- [What this task involves] Please copy out the entries below exactly, beginning with the line that contains "SetContext adds the" and ending with the line that contains "func (o *SecretsGenerateRsaKeyPairListParams) SetContext(ctx", and include nothing outside that span.

(Stored items)
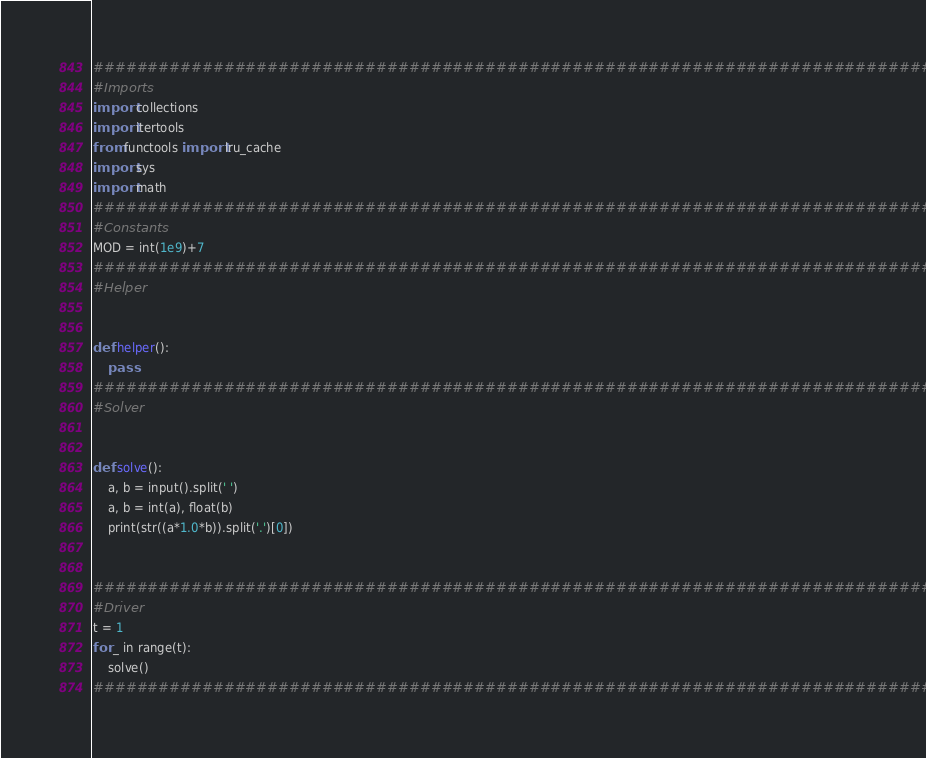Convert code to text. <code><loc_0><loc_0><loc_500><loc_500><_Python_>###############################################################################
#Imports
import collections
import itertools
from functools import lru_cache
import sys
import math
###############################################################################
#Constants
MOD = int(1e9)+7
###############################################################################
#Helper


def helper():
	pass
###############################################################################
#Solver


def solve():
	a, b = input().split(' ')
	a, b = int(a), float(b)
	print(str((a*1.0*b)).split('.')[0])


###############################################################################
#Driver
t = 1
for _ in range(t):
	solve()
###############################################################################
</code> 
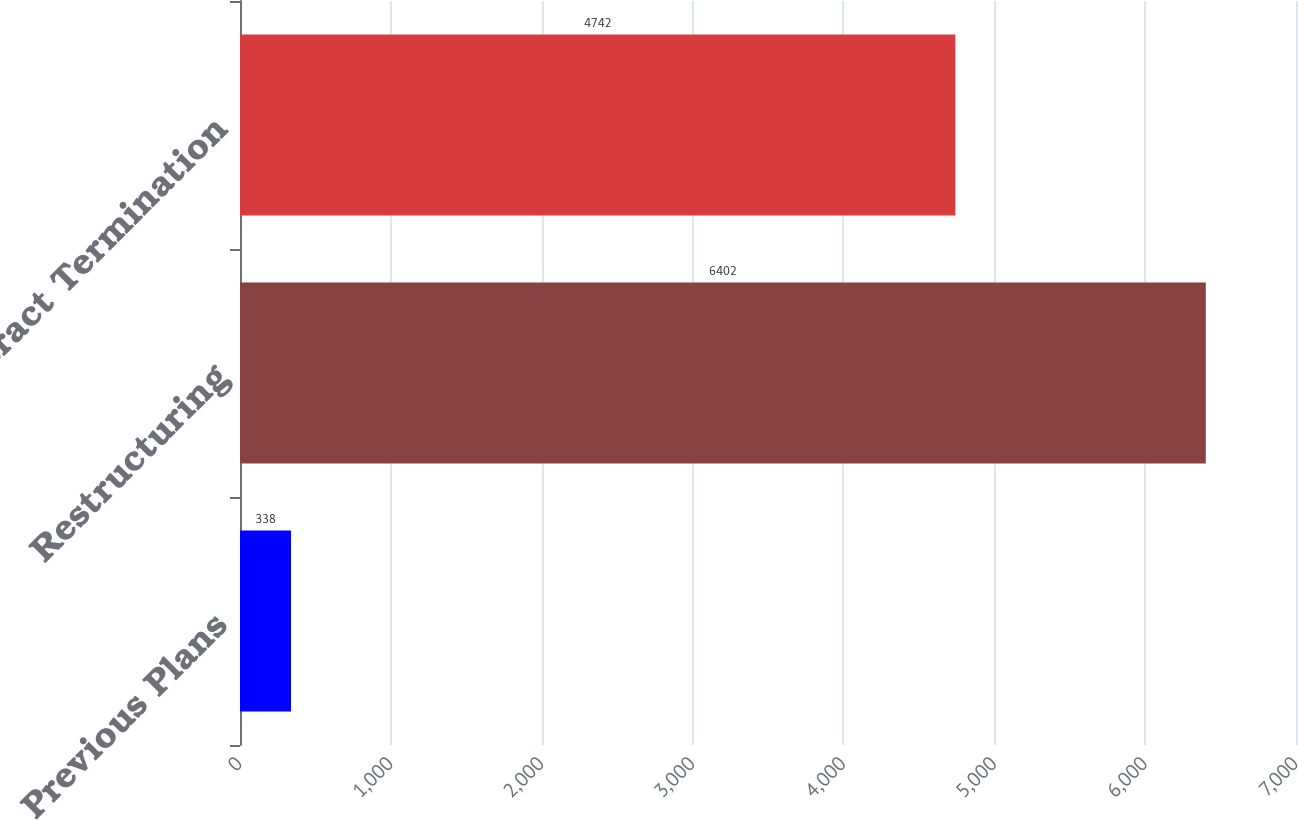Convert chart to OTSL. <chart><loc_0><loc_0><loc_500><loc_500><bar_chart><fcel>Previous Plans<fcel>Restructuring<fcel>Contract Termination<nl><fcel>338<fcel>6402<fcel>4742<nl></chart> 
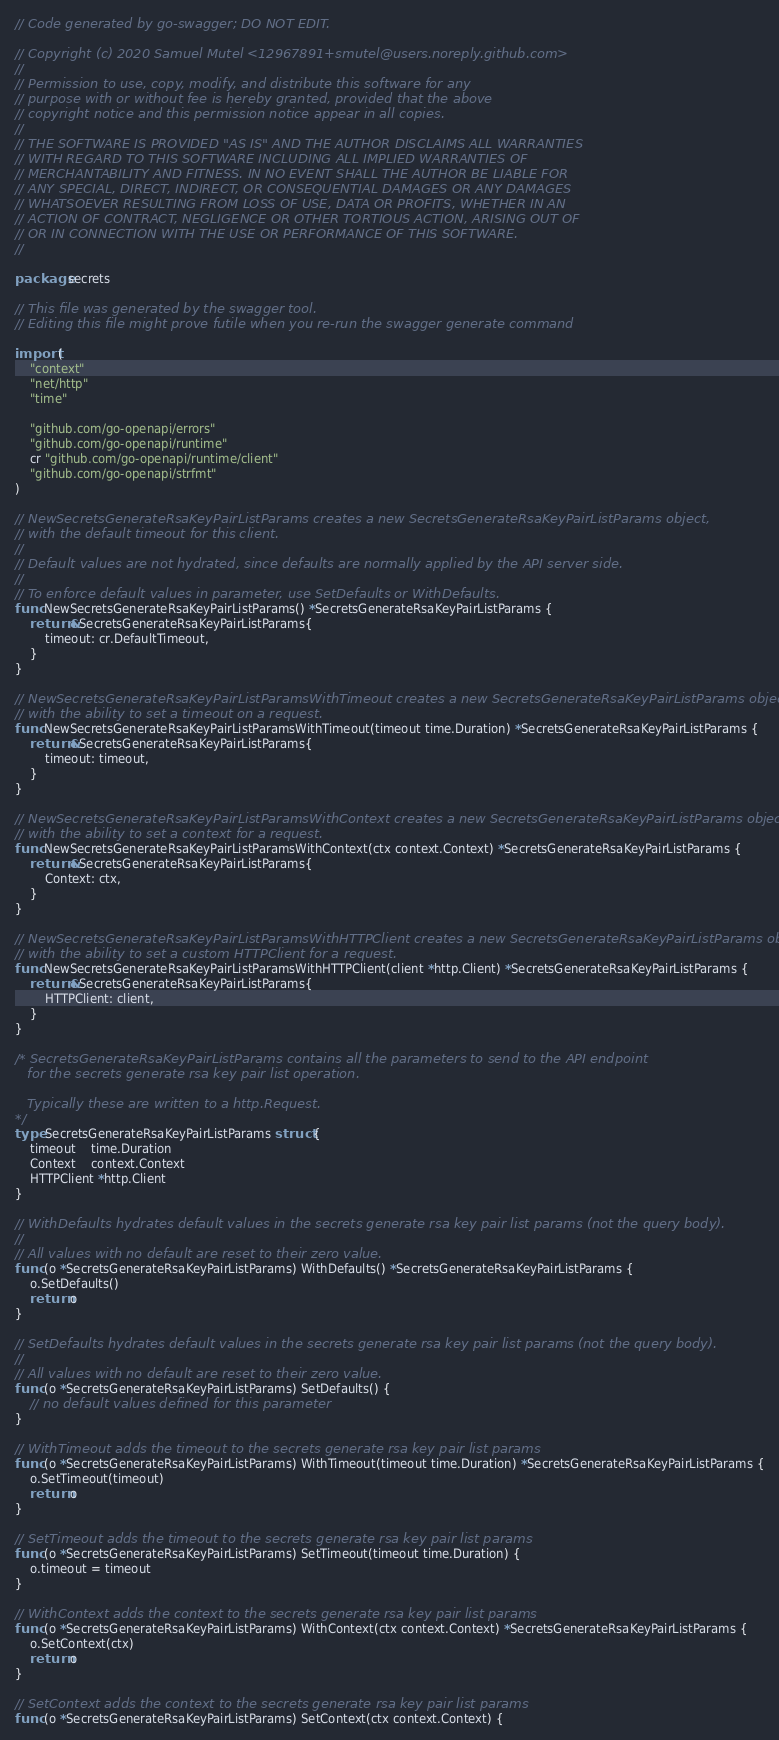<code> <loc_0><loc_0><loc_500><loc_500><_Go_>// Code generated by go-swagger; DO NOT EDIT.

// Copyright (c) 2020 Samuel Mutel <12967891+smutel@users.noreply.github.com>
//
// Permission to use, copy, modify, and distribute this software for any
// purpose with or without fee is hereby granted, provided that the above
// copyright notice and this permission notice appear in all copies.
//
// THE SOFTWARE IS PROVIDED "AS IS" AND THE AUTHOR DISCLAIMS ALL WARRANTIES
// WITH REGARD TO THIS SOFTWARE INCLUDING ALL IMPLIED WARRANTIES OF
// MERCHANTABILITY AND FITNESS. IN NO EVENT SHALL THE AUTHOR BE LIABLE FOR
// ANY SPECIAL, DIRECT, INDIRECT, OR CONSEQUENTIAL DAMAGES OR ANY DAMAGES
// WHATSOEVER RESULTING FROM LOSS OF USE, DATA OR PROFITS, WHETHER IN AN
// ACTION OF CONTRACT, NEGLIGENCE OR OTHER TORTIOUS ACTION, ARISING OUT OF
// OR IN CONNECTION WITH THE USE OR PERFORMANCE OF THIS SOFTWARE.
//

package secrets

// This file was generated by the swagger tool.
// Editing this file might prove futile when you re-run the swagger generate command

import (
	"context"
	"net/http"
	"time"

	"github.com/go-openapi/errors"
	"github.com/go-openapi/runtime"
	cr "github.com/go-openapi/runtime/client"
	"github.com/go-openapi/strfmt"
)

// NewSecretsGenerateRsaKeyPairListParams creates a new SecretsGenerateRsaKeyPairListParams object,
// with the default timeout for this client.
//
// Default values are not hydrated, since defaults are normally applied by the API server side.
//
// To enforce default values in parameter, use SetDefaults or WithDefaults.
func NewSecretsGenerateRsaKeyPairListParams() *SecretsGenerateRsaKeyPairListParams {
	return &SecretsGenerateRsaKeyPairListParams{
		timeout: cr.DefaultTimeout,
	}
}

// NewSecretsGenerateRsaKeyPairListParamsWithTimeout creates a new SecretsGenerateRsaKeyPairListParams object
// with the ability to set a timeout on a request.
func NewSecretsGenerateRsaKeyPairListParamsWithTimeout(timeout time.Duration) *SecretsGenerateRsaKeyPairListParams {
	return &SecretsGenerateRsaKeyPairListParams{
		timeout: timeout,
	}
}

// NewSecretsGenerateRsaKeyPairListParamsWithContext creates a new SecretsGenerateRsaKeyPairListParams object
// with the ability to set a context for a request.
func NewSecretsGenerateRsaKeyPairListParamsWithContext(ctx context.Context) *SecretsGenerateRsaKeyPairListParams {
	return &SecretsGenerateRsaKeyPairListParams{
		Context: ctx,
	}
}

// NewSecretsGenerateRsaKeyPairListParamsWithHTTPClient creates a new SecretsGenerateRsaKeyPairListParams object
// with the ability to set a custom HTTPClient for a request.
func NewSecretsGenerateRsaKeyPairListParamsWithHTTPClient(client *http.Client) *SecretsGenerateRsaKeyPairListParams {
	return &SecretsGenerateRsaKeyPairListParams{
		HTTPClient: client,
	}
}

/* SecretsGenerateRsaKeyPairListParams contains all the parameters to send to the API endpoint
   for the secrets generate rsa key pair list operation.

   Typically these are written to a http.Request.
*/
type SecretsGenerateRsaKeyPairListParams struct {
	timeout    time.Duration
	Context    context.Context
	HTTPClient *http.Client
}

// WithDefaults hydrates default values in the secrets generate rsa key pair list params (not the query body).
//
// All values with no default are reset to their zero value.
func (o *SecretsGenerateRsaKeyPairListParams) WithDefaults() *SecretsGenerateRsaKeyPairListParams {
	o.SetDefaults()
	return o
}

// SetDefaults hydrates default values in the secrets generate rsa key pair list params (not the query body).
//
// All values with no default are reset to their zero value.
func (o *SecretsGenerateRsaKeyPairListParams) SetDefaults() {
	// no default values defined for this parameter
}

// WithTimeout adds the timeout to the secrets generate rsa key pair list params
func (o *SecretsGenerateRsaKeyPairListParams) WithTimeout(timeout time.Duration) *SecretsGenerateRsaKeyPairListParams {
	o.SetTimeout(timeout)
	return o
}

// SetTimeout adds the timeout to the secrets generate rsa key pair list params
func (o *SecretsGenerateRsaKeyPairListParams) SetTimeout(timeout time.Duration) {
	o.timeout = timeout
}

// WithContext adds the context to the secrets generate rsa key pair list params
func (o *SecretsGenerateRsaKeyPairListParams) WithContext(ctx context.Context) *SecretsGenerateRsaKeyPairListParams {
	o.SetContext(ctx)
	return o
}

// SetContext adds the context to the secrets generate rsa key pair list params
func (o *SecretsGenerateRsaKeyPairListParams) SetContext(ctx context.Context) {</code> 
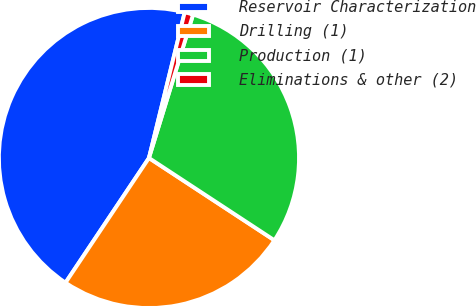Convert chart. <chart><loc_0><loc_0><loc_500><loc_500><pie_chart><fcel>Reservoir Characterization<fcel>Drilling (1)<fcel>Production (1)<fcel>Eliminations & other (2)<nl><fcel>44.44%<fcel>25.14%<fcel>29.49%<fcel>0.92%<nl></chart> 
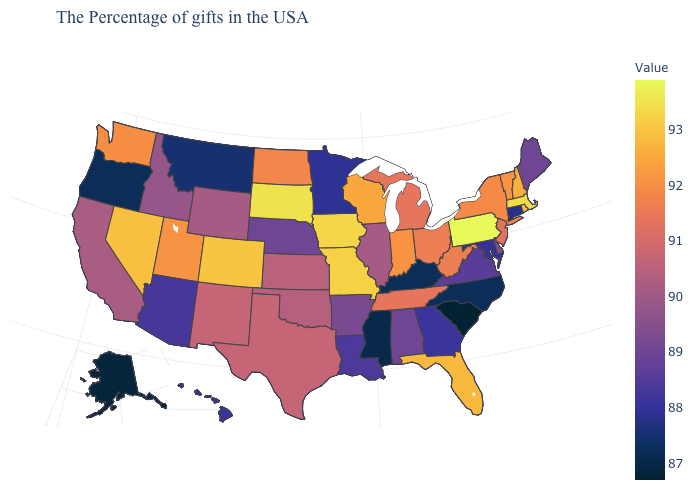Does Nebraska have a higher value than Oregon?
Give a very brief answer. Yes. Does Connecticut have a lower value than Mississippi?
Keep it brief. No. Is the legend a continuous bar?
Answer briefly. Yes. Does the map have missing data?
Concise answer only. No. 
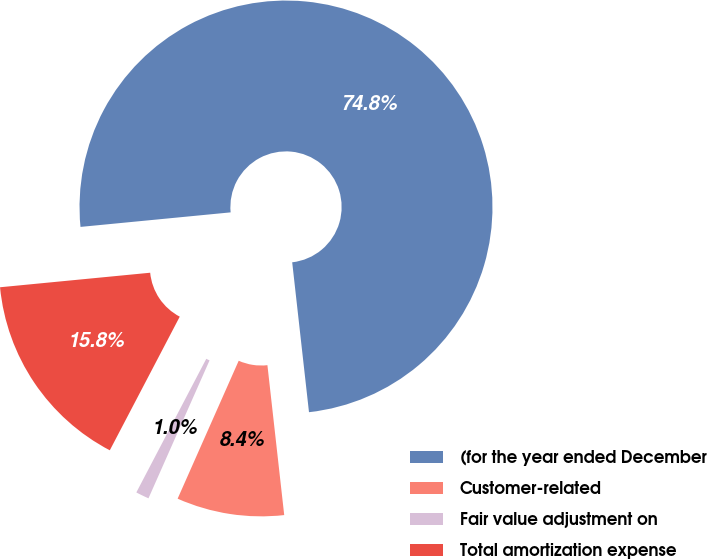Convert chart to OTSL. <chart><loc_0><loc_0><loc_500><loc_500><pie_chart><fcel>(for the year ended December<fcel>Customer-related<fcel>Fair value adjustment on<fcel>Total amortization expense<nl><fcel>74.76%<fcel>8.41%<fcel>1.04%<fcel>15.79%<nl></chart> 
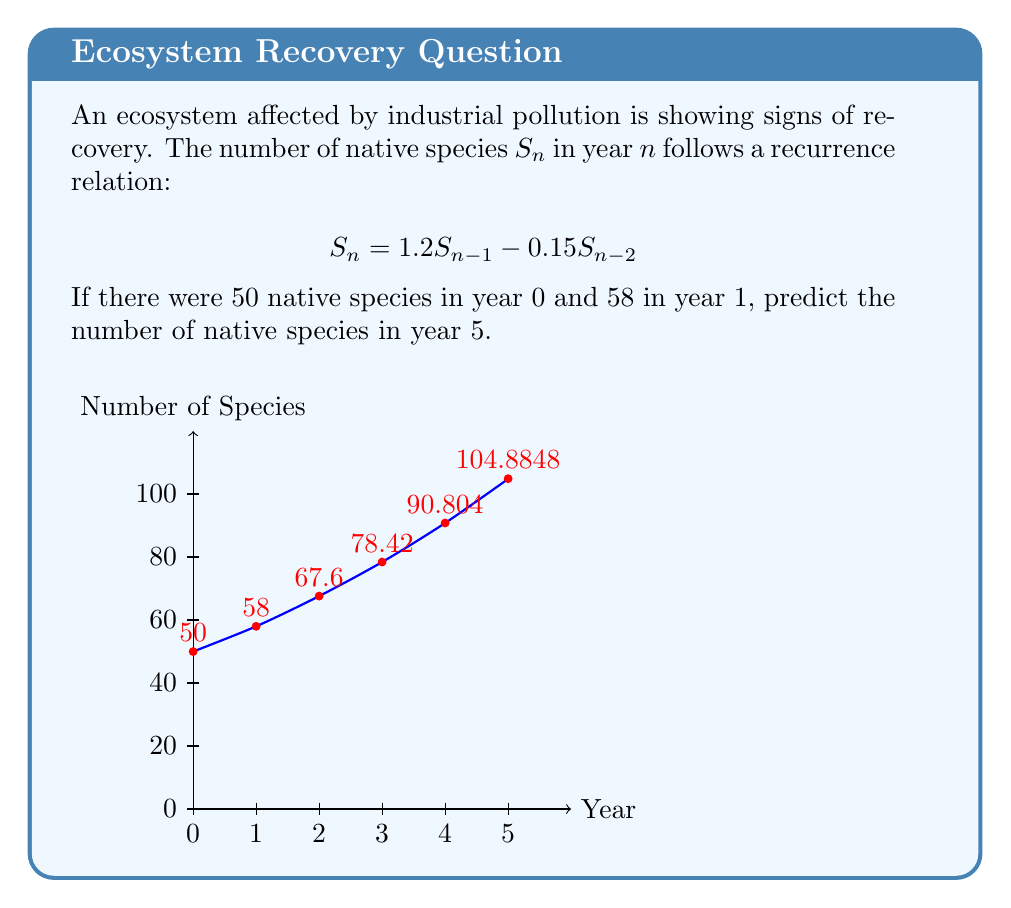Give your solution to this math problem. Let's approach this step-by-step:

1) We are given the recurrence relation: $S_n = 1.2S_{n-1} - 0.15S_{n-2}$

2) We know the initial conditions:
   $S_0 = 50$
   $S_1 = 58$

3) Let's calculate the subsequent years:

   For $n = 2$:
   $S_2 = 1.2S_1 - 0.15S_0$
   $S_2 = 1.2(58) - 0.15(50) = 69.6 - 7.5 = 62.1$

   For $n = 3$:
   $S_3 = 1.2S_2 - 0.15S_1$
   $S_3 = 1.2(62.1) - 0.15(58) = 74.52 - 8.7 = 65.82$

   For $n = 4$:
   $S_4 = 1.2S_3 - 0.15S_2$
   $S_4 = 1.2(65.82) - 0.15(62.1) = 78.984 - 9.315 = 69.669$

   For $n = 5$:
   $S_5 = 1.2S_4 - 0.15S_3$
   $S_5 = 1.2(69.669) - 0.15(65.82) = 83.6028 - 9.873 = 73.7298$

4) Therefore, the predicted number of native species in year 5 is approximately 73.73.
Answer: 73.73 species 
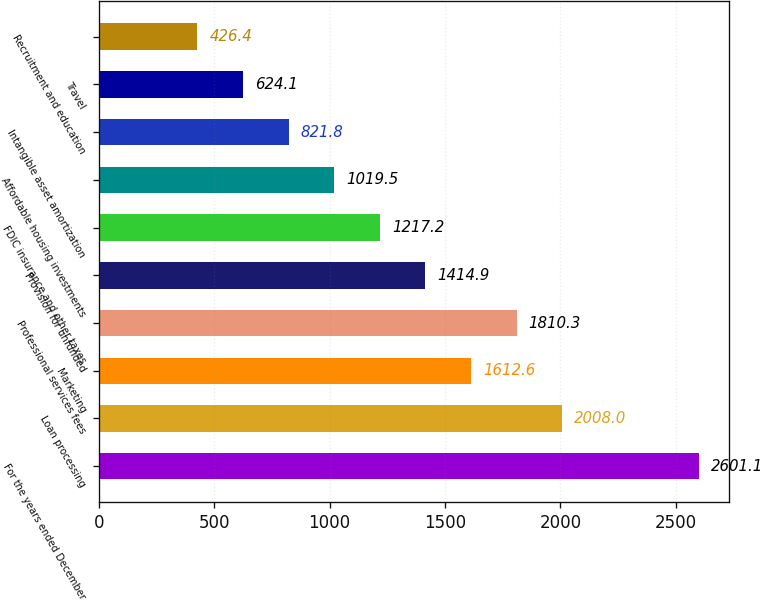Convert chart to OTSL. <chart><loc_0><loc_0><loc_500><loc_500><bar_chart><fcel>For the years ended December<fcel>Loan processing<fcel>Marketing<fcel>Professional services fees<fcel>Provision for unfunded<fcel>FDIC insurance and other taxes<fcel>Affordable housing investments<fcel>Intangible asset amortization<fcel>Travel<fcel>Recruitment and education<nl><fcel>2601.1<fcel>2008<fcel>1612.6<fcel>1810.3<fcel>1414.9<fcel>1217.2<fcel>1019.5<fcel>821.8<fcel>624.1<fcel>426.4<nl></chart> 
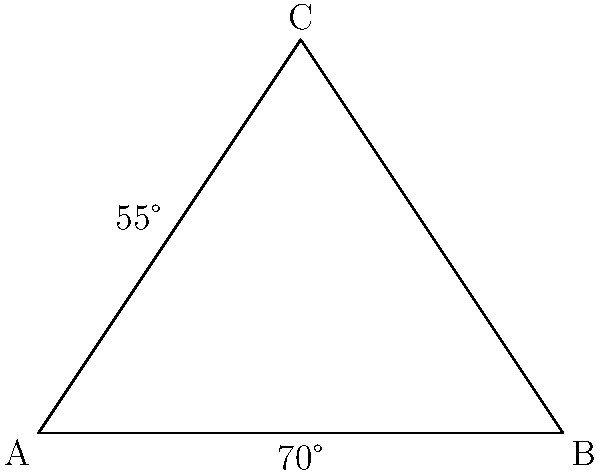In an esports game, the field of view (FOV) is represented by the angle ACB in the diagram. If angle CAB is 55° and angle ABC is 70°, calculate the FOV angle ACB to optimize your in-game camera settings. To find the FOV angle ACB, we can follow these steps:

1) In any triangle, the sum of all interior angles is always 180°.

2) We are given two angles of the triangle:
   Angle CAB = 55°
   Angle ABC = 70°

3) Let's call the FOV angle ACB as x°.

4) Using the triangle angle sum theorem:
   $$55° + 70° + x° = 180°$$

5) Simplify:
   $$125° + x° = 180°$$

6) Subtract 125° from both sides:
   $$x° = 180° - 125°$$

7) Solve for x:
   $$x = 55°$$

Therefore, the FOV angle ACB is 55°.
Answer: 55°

- [Answer to the exercise]
// SetContext adds the context to the secrets generate rsa key pair list params
func (o *SecretsGenerateRsaKeyPairListParams) SetContext(ctx context.Context) {</code> 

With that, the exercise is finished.